*Problem to solve:* Which lines below contain the word "size"? Copy each one.

*** Begin section ***

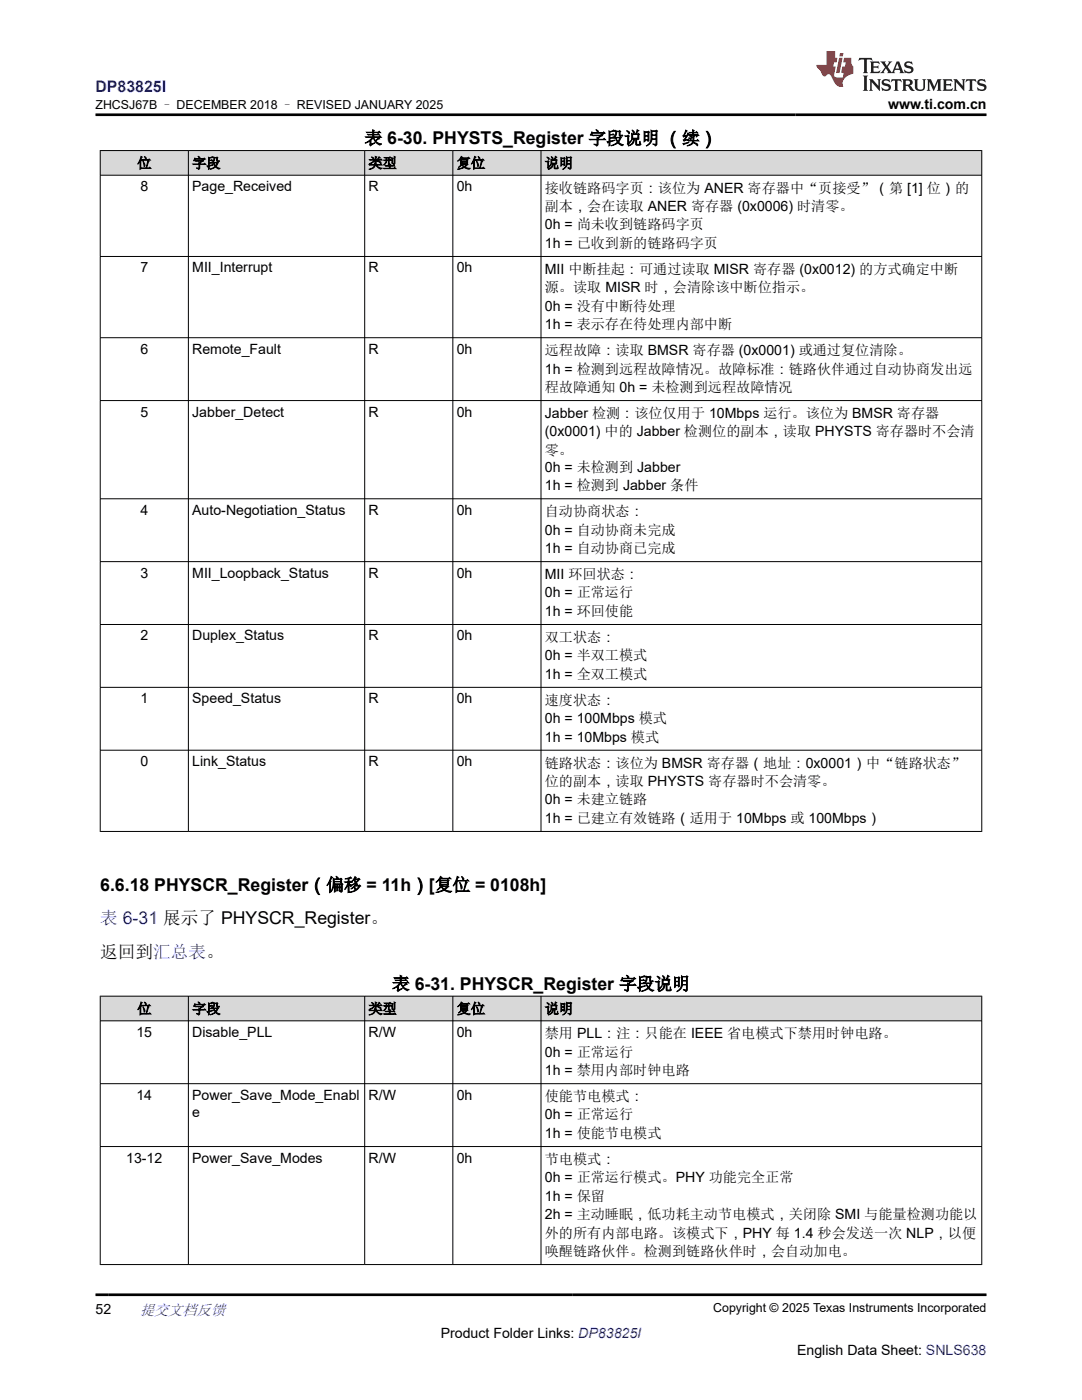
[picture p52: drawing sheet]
<svg xmlns="http://www.w3.org/2000/svg" width="216mm" height="279mm" viewBox="0 0 216 279" stroke-linecap="round" stroke-linejoin="round" font-family="sans-serif">
<defs><g id="words">
<g font-size="3.5">
<text x="72.8" y="28.8">表 6-30. PHYSTS_Register 字段说明 （续）</text>
<text x="20" y="177.8">6.6.18 PHYSCR_Register（偏移 = 11h）[复位 = 0108h]</text>
<text x="20" y="191.2">返回到汇总表。</text>
<text x="78.3" y="197.5">表 6-31. PHYSCR_Register 字段说明</text>
</g>
<text font-size="3.5" fill="#00f" x="20" y="184.5">表 6-31 展示了 PHYSCR_Register。</text>
<text font-size="3.2" fill="#00f" x="19.1" y="18.3">DP83825I</text>
<text font-size="3" fill="#00f" x="27.9" y="262.4">提交文档反馈</text>
<g font-size="2.8">
<text x="177.2" y="21.7">www.ti.com.cn</text>
<text x="27.4" y="33.5">位</text>
<text x="38.4" y="33.5">字段</text>
<text x="73.5" y="33.5">类型</text>
<text x="91.1" y="33.5">复位</text>
<text x="108.7" y="33.5">说明</text>
<text x="28" y="38.2">8</text>
<text x="38.4" y="38.2">Page_Received</text>
<text x="73.5" y="38.2">R</text>
<text x="91.1" y="38.2">0h</text>
<text x="108.7" y="38.4">接收链路码字页：该位为 ANER 寄存器中“页接受”（第 [1] 位）的</text>
<text x="108.7" y="42.1">副本，会在读取 ANER 寄存器 (0x0006) 时清零。</text>
<text x="108.7" y="45.8">0h = 尚未收到链路码字页</text>
<text x="108.7" y="49.5">1h = 已收到新的链路码字页</text>
<text x="28" y="54.4">7</text>
<text x="38.4" y="54.4">MII_Interrupt</text>
<text x="73.5" y="54.4">R</text>
<text x="91.1" y="54.4">0h</text>
<text x="108.7" y="54.7">MII 中断挂起：可通过读取 MISR 寄存器 (0x0012) 的方式确定中断</text>
<text x="108.7" y="58.3">源。读取 MISR 时，会清除该中断位指示。</text>
<text x="108.7" y="62">0h = 没有中断待处理</text>
<text x="108.7" y="65.7">1h = 表示存在待处理内部中断</text>
<text x="28" y="70.6">6</text>
<text x="38.4" y="70.6">Remote_Fault</text>
<text x="73.5" y="70.6">R</text>
<text x="91.1" y="70.6">0h</text>
<text x="108.7" y="70.9">远程故障：读取 BMSR 寄存器 (0x0001) 或通过复位清除。</text>
<text x="108.7" y="74.5">1h = 检测到远程故障情况。故障标准：链路伙伴通过自动协商发出远</text>
<text x="28" y="83.1">5</text>
<text x="38.4" y="83.1">Jabber_Detect</text>
<text x="73.5" y="83.1">R</text>
<text x="91.1" y="83.1">0h</text>
<text x="108.7" y="78.2">程故障通知 0h = 未检测到远程故障情况</text>
<text x="108.7" y="83.4">Jabber 检测：该位仅用于 10Mbps 运行。该位为 BMSR 寄存器</text>
<text x="108.7" y="87.1">(0x0001) 中的 Jabber 检测位的副本，读取 PHYSTS 寄存器时不会清</text>
<text x="108.7" y="90.8">零。</text>
<text x="108.7" y="94.1">0h = 未检测到 Jabber</text>
<text x="108.7" y="97.8">1h = 检测到 Jabber 条件</text>
<text x="28" y="102.7">4</text>
<text x="38.4" y="102.7">Auto-Negotiation_Status</text>
<text x="73.5" y="102.7">R</text>
<text x="91.1" y="102.7">0h</text>
<text x="108.7" y="103">自动协商状态：</text>
<text x="108.7" y="106.7">0h = 自动协商未完成</text>
<text x="108.7" y="110.4">1h = 自动协商已完成</text>
<text x="28" y="115.3">3</text>
<text x="38.4" y="115.3">MII_Loopback_Status</text>
<text x="73.5" y="115.3">R</text>
<text x="91.1" y="115.3">0h</text>
<text x="108.7" y="115.6">MII 环回状态：</text>
<text x="108.7" y="119.2">0h = 正常运行</text>
<text x="108.7" y="122.9">1h = 环回使能</text>
<text x="28" y="127.8">2</text>
<text x="38.4" y="127.8">Duplex_Status</text>
<text x="73.5" y="127.8">R</text>
<text x="91.1" y="127.8">0h</text>
<text x="108.7" y="128.1">双工状态：</text>
<text x="108.7" y="131.8">0h = 半双工模式</text>
<text x="108.7" y="135.4">1h = 全双工模式</text>
<text x="28" y="140.4">1</text>
<text x="38.4" y="140.4">Speed_Status</text>
<text x="73.5" y="140.4">R</text>
<text x="91.1" y="140.4">0h</text>
<text x="108.7" y="140.7">速度状态：</text>
<text x="108.7" y="144.3">0h = 100Mbps 模式</text>
<text x="108.7" y="148">1h = 10Mbps 模式</text>
<text x="28" y="152.9">0</text>
<text x="38.4" y="152.9">Link_Status</text>
<text x="73.5" y="152.9">R</text>
<text x="91.1" y="152.9">0h</text>
<text x="108.7" y="153.2">链路状态：该位为 BMSR 寄存器（地址：0x0001）中“链路状态”</text>
<text x="108.7" y="156.9">位的副本，读取 PHYSTS 寄存器时不会清零。</text>
<text x="108.7" y="160.5">0h = 未建立链路</text>
<text x="108.7" y="164.2">1h = 已建立有效链路（适用于 10Mbps 或 100Mbps）</text>
<text x="27.4" y="202.3">位</text>
<text x="38.4" y="202.3">字段</text>
<text x="73.5" y="202.3">类型</text>
<text x="91.1" y="202.3">复位</text>
<text x="108.7" y="202.3">说明</text>
<text x="27.2" y="206.9">15</text>
<text x="38.4" y="206.9">Disable_PLL</text>
<text x="73.5" y="206.9">R/W</text>
<text x="91.1" y="206.9">0h</text>
<text x="108.7" y="207.2">禁用 PLL：注：只能在 IEEE 省电模式下禁用时钟电路。</text>
<text x="108.7" y="210.9">0h = 正常运行</text>
<text x="108.7" y="214.5">1h = 禁用内部时钟电路</text>
<text x="27.2" y="219.5">14</text>
<text x="38.4" y="219.5">Power_Save_Mode_Enabl</text>
<text x="73.5" y="219.5">R/W</text>
<text x="91.1" y="219.5">0h</text>
<text x="108.7" y="219.7">使能节电模式：</text>
<text x="38.4" y="222.9">e</text>
<text x="108.7" y="223.4">0h = 正常运行</text>
<text x="108.7" y="227.1">1h = 使能节电模式</text>
<text x="25.2" y="232">13-12</text>
<text x="38.4" y="232">Power_Save_Modes</text>
<text x="73.5" y="232">R/W</text>
<text x="91.1" y="232">0h</text>
<text x="108.7" y="232.3">节电模式：</text>
<text x="108.7" y="236">0h = 正常运行模式。PHY 功能完全正常</text>
<text x="108.7" y="239.6">1h = 保留</text>
<text x="108.7" y="243.3">2h = 主动睡眠，低功耗主动节电模式，关闭除 SMI 与能量检测功能以</text>
<text x="108.7" y="247">外的所有内部电路。该模式下，PHY 每 1.4 秒会发送一次 NLP，以便</text>
<text x="108.7" y="250.6">唤醒链路伙伴。检测到链路伙伴时，会自动加电。</text>
<text x="19.1" y="262.1">52</text>
<text x="87.9" y="266.9">Product Folder Links: DP83825I</text>
<text x="159" y="270.3">English Data Sheet: SNLS638</text>
</g>
<g font-size="2.5">
<text x="19" y="21.8">ZHCSJ67B – DECEMBER 2018 – REVISED JANUARY 2025</text>
<text x="142.3" y="261.8">Copyright © 2025 Texas Instruments Incorporated</text>
</g>
</g></defs>
<g fill="#d8d8d8">
<path d="M20 30h175.9v5h-175.9z" fill-rule="evenodd"/>
<path d="M20.1 30.1h17.4v4.8h-17.4z" fill-rule="evenodd"/>
<path d="M37.7 30.1h35v4.8h-35z" fill-rule="evenodd"/>
<path d="M72.8 30.1h17.5v4.8h-17.5z" fill-rule="evenodd"/>
<path d="M90.4 30.1h17.5v4.8h-17.5z" fill-rule="evenodd"/>
<path d="M108 30.1h87.8v4.8h-87.8z" fill-rule="evenodd"/>
</g>
<g fill="none" stroke="#000" stroke-width=".2">
<path d="M19.9 30h176.1M19.9 35h176.1M20 30v136M37.6 30v136M72.8 30v136M90.4 30v136M108 30v136M195.9 30v136M19.9 51.2h176.1M19.9 67.4h176.1M19.9 79.9h176.1M19.9 99.5h176.1"/>
<path d="M19.9 112.1h176.1M19.9 124.6h176.1M19.9 137.2h176.1M19.9 149.7h176.1M19.9 165.9h176.1"/>
</g>
<g fill="#d8d8d8">
<path d="M20 198.8h175.9v4.9h-175.9z" fill-rule="evenodd"/>
<path d="M20.1 198.9h17.4v4.8h-17.4z" fill-rule="evenodd"/>
<path d="M37.7 198.9h35v4.8h-35z" fill-rule="evenodd"/>
<path d="M72.8 198.9h17.5v4.8h-17.5z" fill-rule="evenodd"/>
<path d="M90.4 198.9h17.5v4.8h-17.5z" fill-rule="evenodd"/>
<path d="M108 198.9h87.8v4.8h-87.8z" fill-rule="evenodd"/>
</g>
<path d="M19.9 198.8h176.1M20 198.7v53.7M37.6 198.7v53.7M72.8 198.7v53.7M90.4 198.7v53.7M108 198.7v53.7M195.9 198.7v53.7M19.9 203.7h176.1M19.9 216.3h176.1M19.9 228.8h176.1M19.9 252.4h176.1" fill="none" stroke="#000" stroke-width=".2"/>
<path d="M171.5 11.6l-.2 .5 .5-.2h.6v.1v2.2l-.2 .4h1l-.2-.4v-2.2v-.1h.5l.6 .2-.2-.5zM173.6 12.3l.2 .4v1.5l-.2 .4h1.9l.1-.6a1.08 1.08 0 0 1-1.3 .2v-.7h.6l.4 .2v-.7l-.4 .2h-.6v-.5l.2-.2a1 1 0 0 1 1 .3l-.1-.5zM175.7 12.3l.9 1.1-1 1.2h.9l-.2-.2 .5-.8 .4 .8-.2 .2h1.6l-.2-.2 .2-.5h.9l.1 .5-.1 .2h.9l-.2-.3-.8-2h-.5l-.9 2.2-.9-1.1 .9-1.1h-.8l.2 .2-.4 .6-.4-.6 .2-.2zM179 12.7l.4 1h-.7zM180.7 12.4a.65 .65 0 0 0-.2 .7 .65 .65 0 0 0 .6 .5l.6 .1 .1 .3a.79 .79 0 0 1-.7 .4 .79 .79 0 0 1-.7-.5l.1 .7 .2-.1a.93 .93 0 0 0 1.1 .1 .93 .93 0 0 0 .4-1 1.46 1.46 0 0 0-1.2-.6l-.1-.3a1.09 1.09 0 0 1 1.2 .2l-.2-.6-.1 .1-.5-.2zM172.2 15.1l.2 .4v2.2l-.2 .4h1l-.2-.4v-2.2l.2-.4zM173.4 15.8l.2 .4v1.5l-.2 .4h.8l-.3-.4 .1-1.3 1.6 1.8v-2l.2-.4h-.7l.1 .2 .1 1.1-1.2-1.3zM176.2 15.9a.65 .65 0 0 0-.2 .8 .65 .65 0 0 0 .6 .4l.6 .2 .1 .2a.79 .79 0 0 1-.7 .4 .79 .79 0 0 1-.7-.5l.1 .7 .2-.1a.93 .93 0 0 0 1.1 .1 .93 .93 0 0 0 .4-.9 1.46 1.46 0 0 0-1.2-.6l-.1-.4a1.09 1.09 0 0 1 1.2 .2l-.1-.6-.2 .1-.5-.1zM177.9 15.8l-.1 .6a.63 .63 0 0 1 .8-.3v1.6l-.3 .4h1l-.2-.4v-1.6a.66 .66 0 0 1 .8 .3l-.1-.6zM180 15.8l.2 .4v1.5l-.2 .4h1l-.2-.2-.1-.7h.5l.1 .2a.79 .79 0 0 0 1.2 .6l-1-.9a.61 .61 0 0 0 .6-.6 .61 .61 0 0 0-.5-.7zM180.8 16.1h.1a.47 .47 0 0 1 .5 .1 .47 .47 0 0 1 .1 .5l-.1 .1-.7 .1zM182.3 15.8l.2 .2a2.27 2.27 0 0 0 .4 2 1.04 1.04 0 0 0 1.7-.7v-1.3l.2-.2h-.8l.2 .4v1.1a.6 .6 0 0 1-.6 .6 .6 .6 0 0 1-.6-.6v-1.1l.3-.4zM184.9 15.8l.2 .4v1.5l-.2 .4h.8l-.3-.4v-1.4l.9 1.9 .9-1.9v1.4l-.3 .4h1l-.2-.4v-1.5l.2-.4h-.8l-.7 1.5-.6-1.5zM188.1 15.8l.2 .4v1.5l-.2 .4h1.9l.1-.6a1.09 1.09 0 0 1-1.3 .2v-.7h.6l.4 .2v-.6l-.4 .2h-.6v-.6l.2-.1a1.01 1.01 0 0 1 1 .3l-.1-.6zM190.2 15.8l.3 .4v1.5l-.3 .4h.8l-.2-.4v-1.3l1.6 1.8v-2l.2-.4h-.7l.2 .2v1.1l-1.2-1.3zM192.8 15.8l-.1 .6a.63 .63 0 0 1 .8-.3v1.6l-.3 .4h1l-.2-.4v-1.6a.66 .66 0 0 1 .8 .3l-.1-.6zM195.2 15.9a.65 .65 0 0 0-.2 .8 .65 .65 0 0 0 .6 .4l.6 .2 .2 .2a.79 .79 0 0 1-.7 .4 .79 .79 0 0 1-.7-.5l.1 .7 .2-.1a.93 .93 0 0 0 1 .1 .93 .93 0 0 0 .5-.9 1.46 1.46 0 0 0-1.3-.6v-.4a1.09 1.09 0 0 1 1.2 .2l-.2-.6-.2 .1-.5-.1z" fill="#231f20"/>
<path d="M164.9 10.2v2.8h-2l.1 .3 .8 1a.95 .95 0 0 0 1 .9 .59 .59 0 0 1 .5-.4 .59 .59 0 0 1 .5 .4l.4 .7a1.59 1.59 0 0 0 2.1 1.4 1.61 1.61 0 0 1 1-2.3l1-.3-.1-1.5a1.59 1.59 0 0 1-.3-1.7h-1.5l-.2 .9h.6l-.2 .9h-.5l-.2 1v.2l.4 .1-.1 .9h-.7a.73 .73 0 0 1-1-.7l.3-1.5h-.5l.1-.9h.5l.2-.9h-.5v-1.3zM167.4 11.5l-.6 3.1h.7l.6-3.1zM167.6 10.6l-.1 .6h.7l.1-.6z" fill="#ed1c24"/>
<path d="M19.1 22.9h177.8M19.1 258.4h177.8" fill="none" stroke="#000" stroke-width=".53"/>
<use href="#words"/>
</svg>

*** End section ***

*Answer:*
<g font-size="3.5">
<text font-size="3.5" fill="#00f" x="20" y="184.5">表 6-31 展示了 PHYSCR_Register。</text>
<text font-size="3.2" fill="#00f" x="19.1" y="18.3">DP83825I</text>
<text font-size="3" fill="#00f" x="27.9" y="262.4">提交文档反馈</text>
<g font-size="2.8">
<g font-size="2.5">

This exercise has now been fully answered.